In Lunn, it was decided that if an outer limits contract employee is terminated on the last day of the period specified in the contract, then the termination is not at the initiative of the employer and the employee cannot seek a remedy for unfair dismissal.

Appeal

Khayam, again with the assistance of the Union, appealed the decision to a Full Bench of FWC. The Union argued in lengthy submissions that Lunn no longer should be applied for a number of reasons involving complex arguments including that the law had changed with the introduction of the Fair Work Act in 2009.

I would like my case to be known by all, in the hope that it will encourage more people into collective action via the union, to safeguard, maintain and uphold their rights and the rights of all employees, current and in the future.

On behalf of Khayam, the Union argued that Navitas made a deliberate and considered decision to end the employment, while the employer continued to maintain that Khayam’s employment simply ended with the expiration of the contract.

When the Full Bench handed down its decision on 8 December 2017 it increased the rights for employees on outer limits contracts to be able to access the FWC so as to argue that they have been unfairly dismissed.

Indeed, the decision has created a series of new principles that are applied to such workers. The principles established in Khayam v Navitas English Pty Ltd [2017] FWCFB 5162 are now regularly referred to in unfair dismissal cases across Australia.

In what is now known as the ‘Khayam decision’, the Full Bench of the Commission set a ground breaking new legal precedent for workers on fixed term contracts, when they found in Khayam’s favour.

Contract workers now have the right to claim unfair dismissal, and the employer cannot use the end of their contractual term as an excuse for dismissal.

“Saied has done the heavy lifting for his fellow teachers and Australian workers more broadly,” IEUA NSW/ACT Branch Secretary John Quessy said.

“His brave actions, with the support of the union movement, have shown it is possible to Change the Rules and achieve better outcomes for workers,” Quessy said.

Khayam agreed: “I am so glad a legal precedent which may help others is the end result. There’s so much movement away from people’s rights and the union movement nowadays.

“More people are being put on contracts, so this kind of law is needed.

“I’m grateful to the IEU for sticking with this case and supporting me all the way.”

Khayam admits the 18 month legal proceedings took a toll on him and his family, but said it was worth it.

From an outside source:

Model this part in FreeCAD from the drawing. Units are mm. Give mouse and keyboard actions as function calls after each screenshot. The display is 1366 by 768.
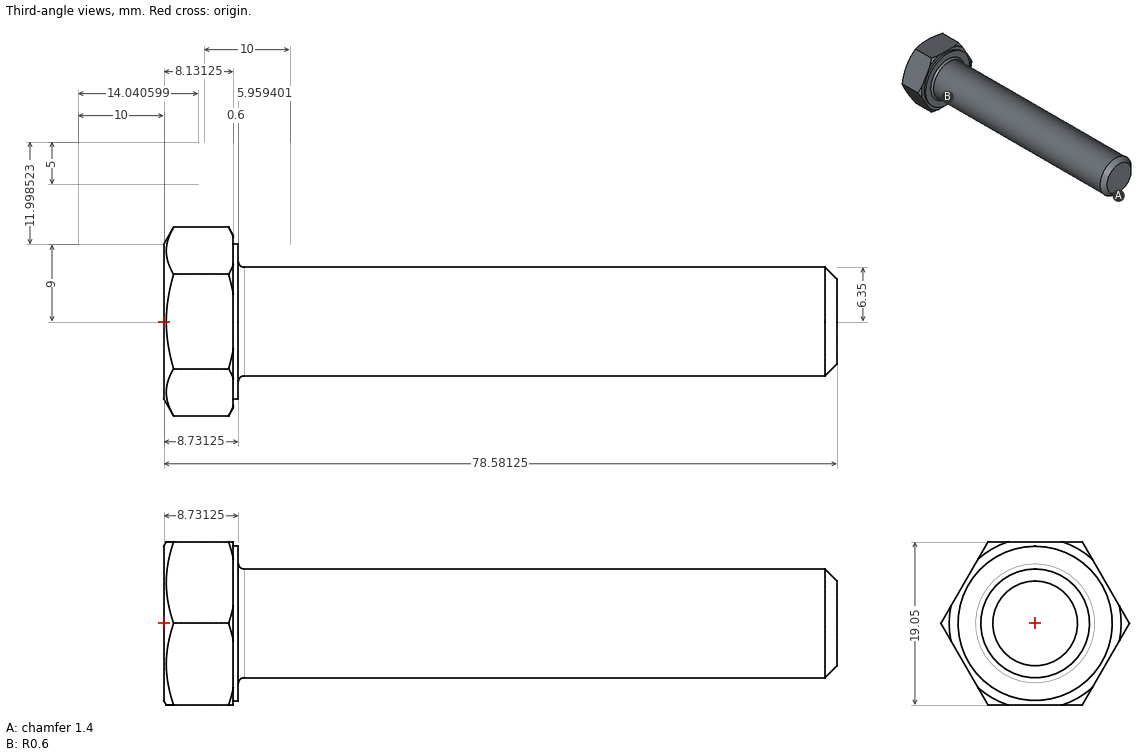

“I’m a firm believer in standing up for what is right, and if you are prepared to fight long and hard for it, eventually you will win.

“I would like all Australians – and other nationalities – to know the outcome of this case, employers and employees alike: employers, lest they forget that we have rights; and employees, lest we forget that unless we are prepared to fight for our rights, we will get steamrolled.

“I would also like this to be an example to others. This time, I was fortunate enough to be in a position to fight for the collective, and I will do so again if required.

“However, chances are that I will not be in such a position again. I would like my case to be known by all, in the hope that it will encourage more people into collective action via the Union, to safeguard, maintain and uphold their rights and the rights of all employees, current and in the future.”

Khayam has been caring for his two young daughters and trying to find a job that fits in with that commitment since the case finalised.